Deux ans de la vie de Jesse Owens, c'est peu. Ces deux années furent toutefois si marquantes sur le plan historique qu'elles renferment assez de matière pour nourrir un bon long métrage. De facture classique, Race est un drame biographique captivant, qui se distingue notamment par les différents angles qu'emprunte le récit.

Au coeur de cette histoire, un athlète. En cette année 1934, le talent de Jesse Owens (Stephan James, très bon) est repéré par un jeune entraîneur, Larry Snyder (Jason Sudeikis, excellent aussi). Ce dernier, un athlète qui a raté l'occasion de se faire valoir aux Jeux olympiques de Paris 10 ans plus tôt, voit en cet homme ce qu'il est: un athlète d'exception.
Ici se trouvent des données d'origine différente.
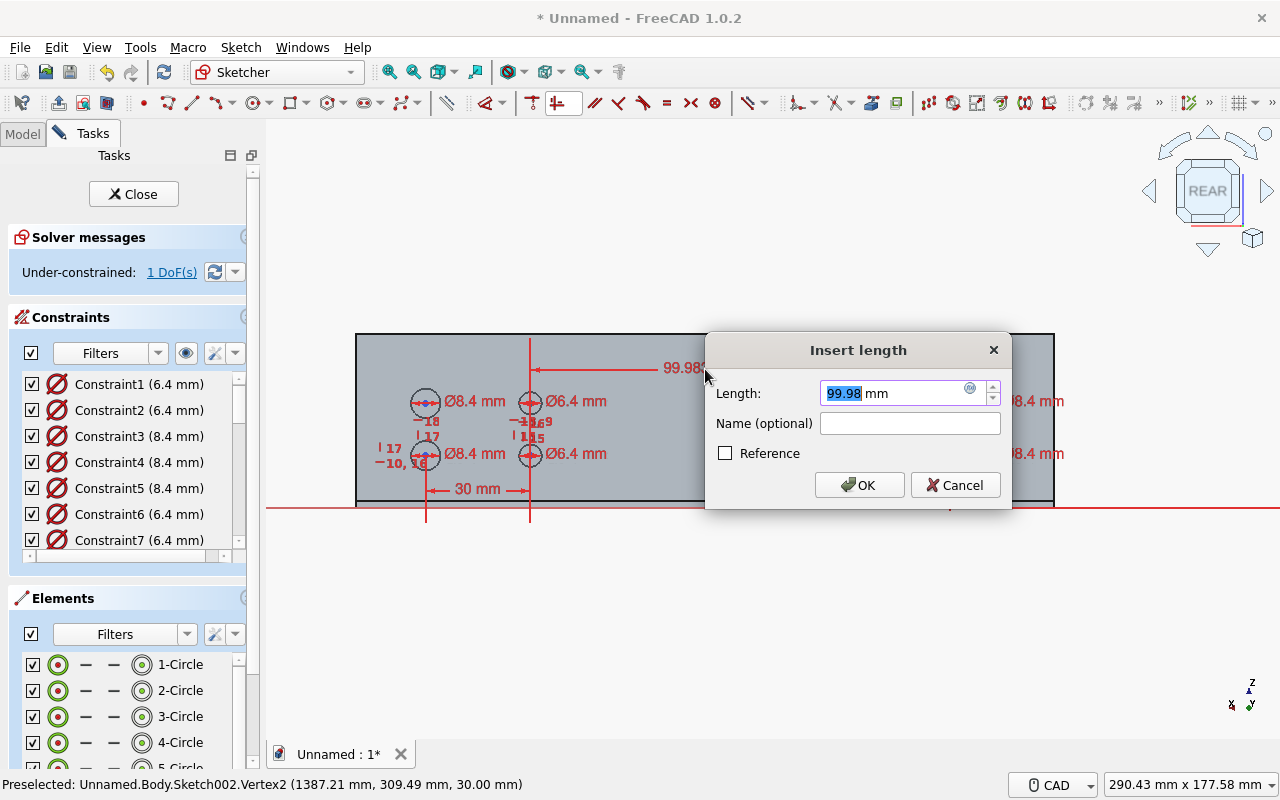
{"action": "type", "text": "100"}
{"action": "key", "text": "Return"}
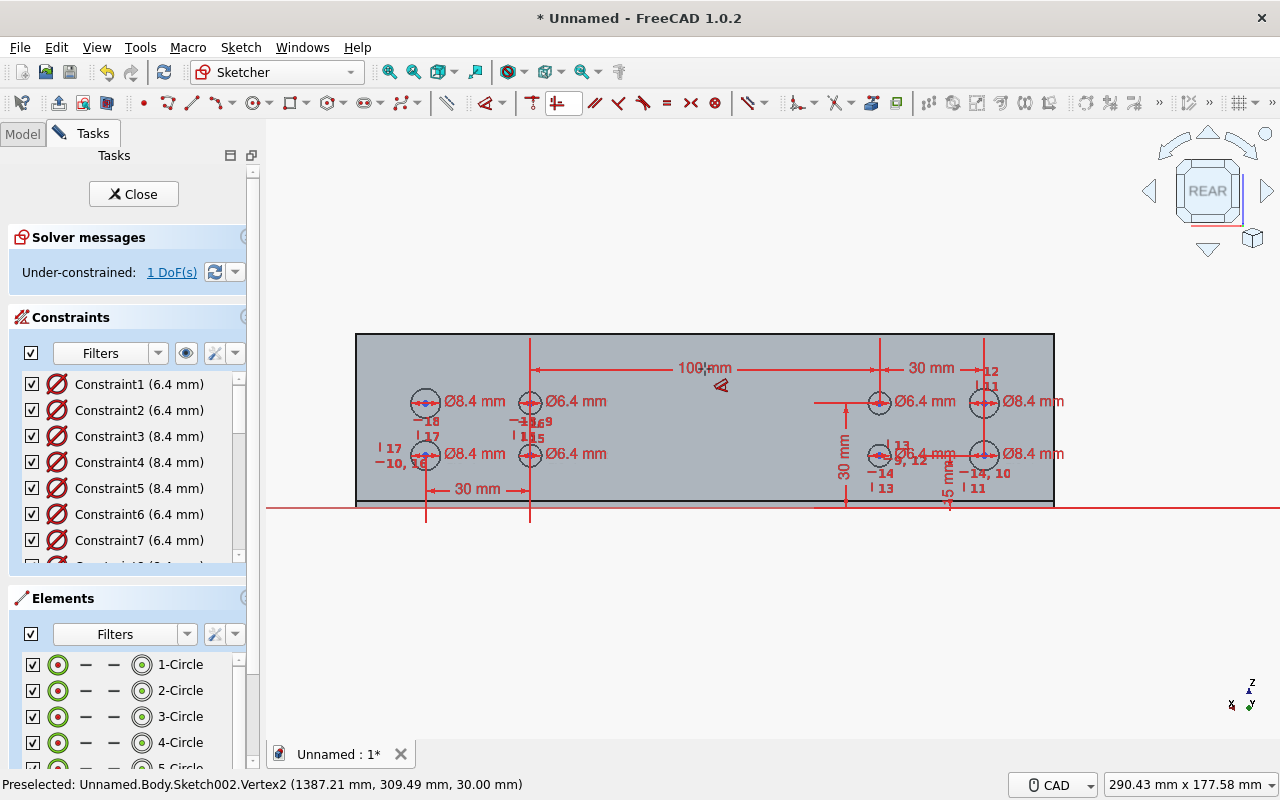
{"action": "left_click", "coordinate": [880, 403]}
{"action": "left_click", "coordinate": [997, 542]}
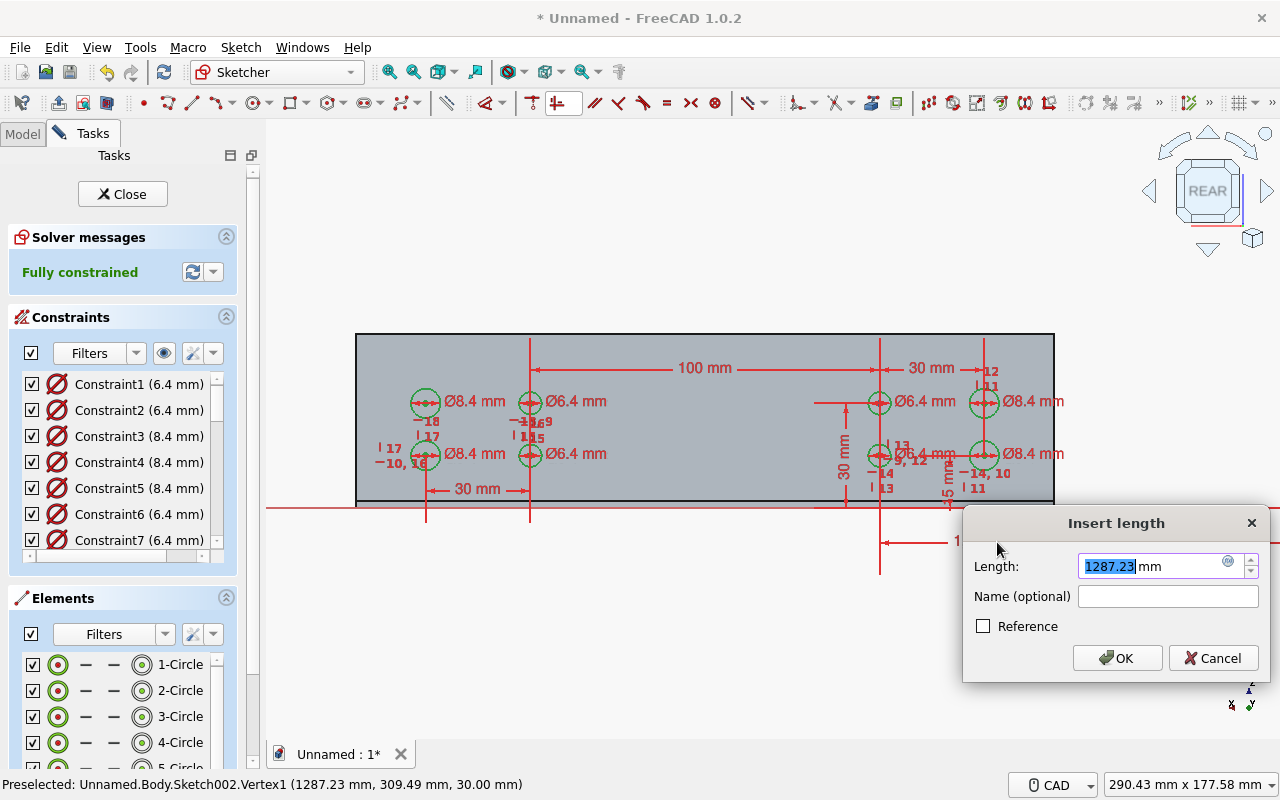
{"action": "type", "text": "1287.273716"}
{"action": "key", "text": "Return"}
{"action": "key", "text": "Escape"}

Dans cette Amérique encore ségrégationniste, la plupart ne voient pourtant que la couleur de la peau.

Au-delà des arcanes habituels du drame sportif, Race ratisse beaucoup plus large. 

Parce que le contexte est très particulier. Au moment où Owens atteint la pleine mesure de son talent, le régime nazi est en pleine opération de propagande en Allemagne, pays organisateur des Jeux de Berlin en 1936. Au sein même du comité olympique américain, une vive discussion a lieu entre les partisans d'un boycottage, dont le discours est mené par Jeremiah Mahoney (William Hurt), et ceux qui, comme Avery Brundage (Jeremy Irons), estiment qu'il vaut mieux s'y présenter quand même.

Un film sur le cinéma

Race est aussi un film sur le cinéma. Une bonne partie du récit est consacrée au travail de la réalisatrice Leni Riefenstahl (Carice van Houten). Cette pionnière, qui avait capté sur pellicule le grand rassemblement nazi de Nuremberg dans Le triomphe de la volonté deux ans plus tôt, est mandatée par les autorités pour filmer pour la postérité ces Jeux. Adolf Hitler, rappelons-le, n'a pas lésiné sur les moyens pour faire de ces Jeux un outil de propagande, imposer l'image de son régime et montrer la supériorité de la race aryenne.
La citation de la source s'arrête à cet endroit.